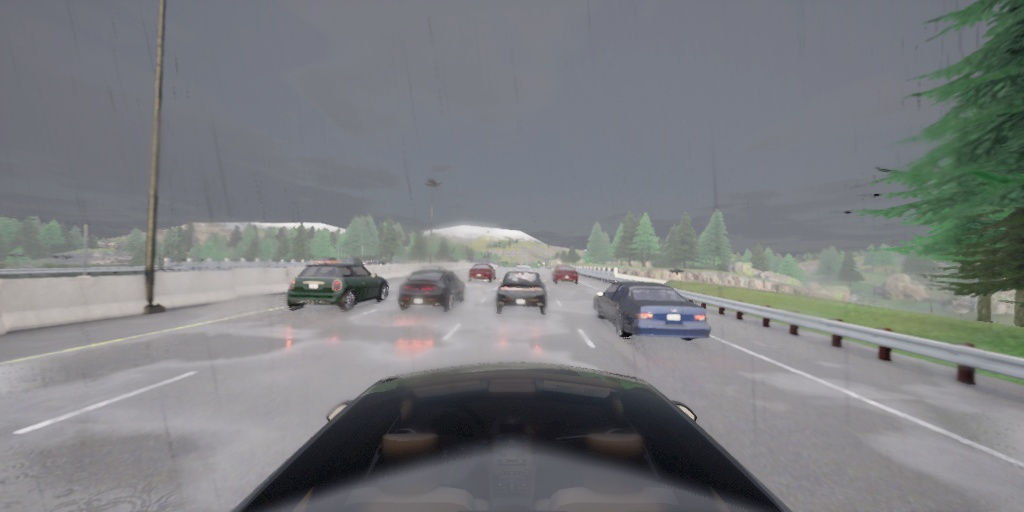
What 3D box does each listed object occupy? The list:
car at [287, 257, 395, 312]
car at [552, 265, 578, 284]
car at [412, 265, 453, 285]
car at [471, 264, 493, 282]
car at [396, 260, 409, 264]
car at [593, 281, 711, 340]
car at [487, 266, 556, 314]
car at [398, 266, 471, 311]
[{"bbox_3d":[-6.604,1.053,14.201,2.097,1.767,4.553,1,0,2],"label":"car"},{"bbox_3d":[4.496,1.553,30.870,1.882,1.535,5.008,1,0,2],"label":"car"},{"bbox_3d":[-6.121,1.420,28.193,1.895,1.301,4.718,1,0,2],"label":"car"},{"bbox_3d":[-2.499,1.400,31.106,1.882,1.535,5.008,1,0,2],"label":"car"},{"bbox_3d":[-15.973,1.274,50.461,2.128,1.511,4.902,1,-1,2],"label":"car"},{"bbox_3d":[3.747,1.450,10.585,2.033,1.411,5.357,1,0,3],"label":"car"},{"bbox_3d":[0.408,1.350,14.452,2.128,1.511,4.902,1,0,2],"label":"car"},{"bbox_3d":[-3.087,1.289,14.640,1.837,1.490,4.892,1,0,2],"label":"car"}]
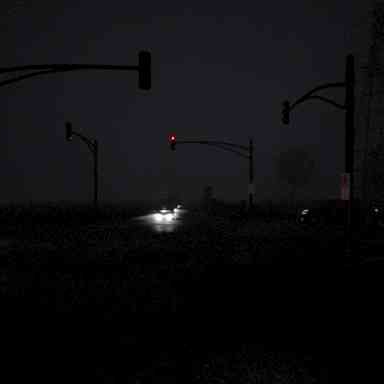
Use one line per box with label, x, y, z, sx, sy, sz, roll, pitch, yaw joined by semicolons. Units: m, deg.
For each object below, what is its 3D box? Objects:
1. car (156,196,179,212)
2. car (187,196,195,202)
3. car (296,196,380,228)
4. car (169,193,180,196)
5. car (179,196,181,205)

...

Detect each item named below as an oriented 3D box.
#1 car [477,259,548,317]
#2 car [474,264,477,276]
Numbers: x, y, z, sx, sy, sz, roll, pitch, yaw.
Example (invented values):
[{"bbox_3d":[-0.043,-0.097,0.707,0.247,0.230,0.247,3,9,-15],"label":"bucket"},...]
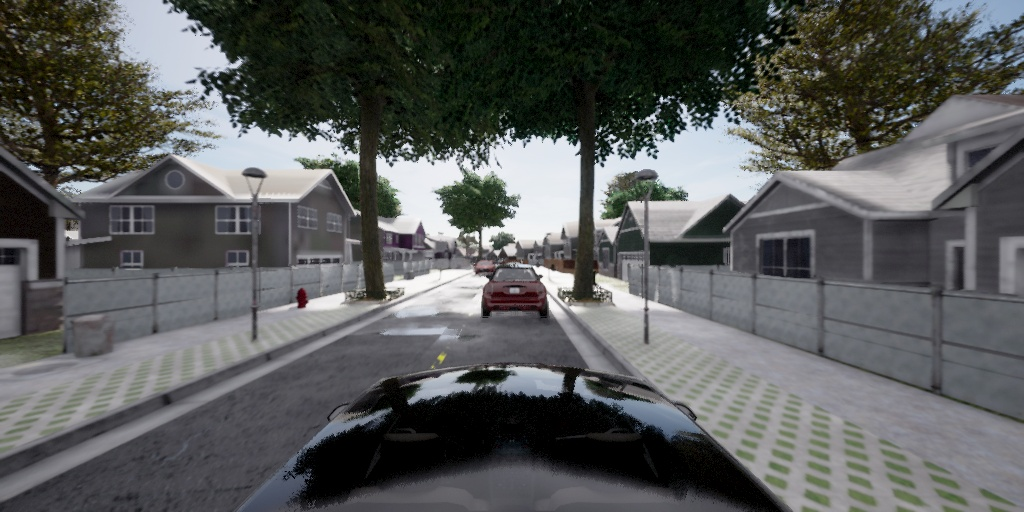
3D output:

▶ **Exercise description**
Pictures do not belong in the answer. Return the lines above starting at the one with "car at [471, 264, 493, 282]" and ending at the one with "5. car (179,196,181,205)", both kept, exactly.

▶ **Reply to the task**
car at [471, 264, 493, 282]
car at [396, 260, 409, 264]
car at [593, 281, 711, 340]
car at [487, 266, 556, 314]
car at [398, 266, 471, 311]
[{"bbox_3d":[-6.604,1.053,14.201,2.097,1.767,4.553,1,0,2],"label":"car"},{"bbox_3d":[4.496,1.553,30.870,1.882,1.535,5.008,1,0,2],"label":"car"},{"bbox_3d":[-6.121,1.420,28.193,1.895,1.301,4.718,1,0,2],"label":"car"},{"bbox_3d":[-2.499,1.400,31.106,1.882,1.535,5.008,1,0,2],"label":"car"},{"bbox_3d":[-15.973,1.274,50.461,2.128,1.511,4.902,1,-1,2],"label":"car"},{"bbox_3d":[3.747,1.450,10.585,2.033,1.411,5.357,1,0,3],"label":"car"},{"bbox_3d":[0.408,1.350,14.452,2.128,1.511,4.902,1,0,2],"label":"car"},{"bbox_3d":[-3.087,1.289,14.640,1.837,1.490,4.892,1,0,2],"label":"car"}]
Use one line per box with label, x, y, z, sx, sy, sz, roll, pitch, yaw joined by semicolons. Units: m, deg.
For each object below, what is its 3D box? Objects:
1. car (156,196,179,212)
2. car (187,196,195,202)
3. car (296,196,380,228)
4. car (169,193,180,196)
5. car (179,196,181,205)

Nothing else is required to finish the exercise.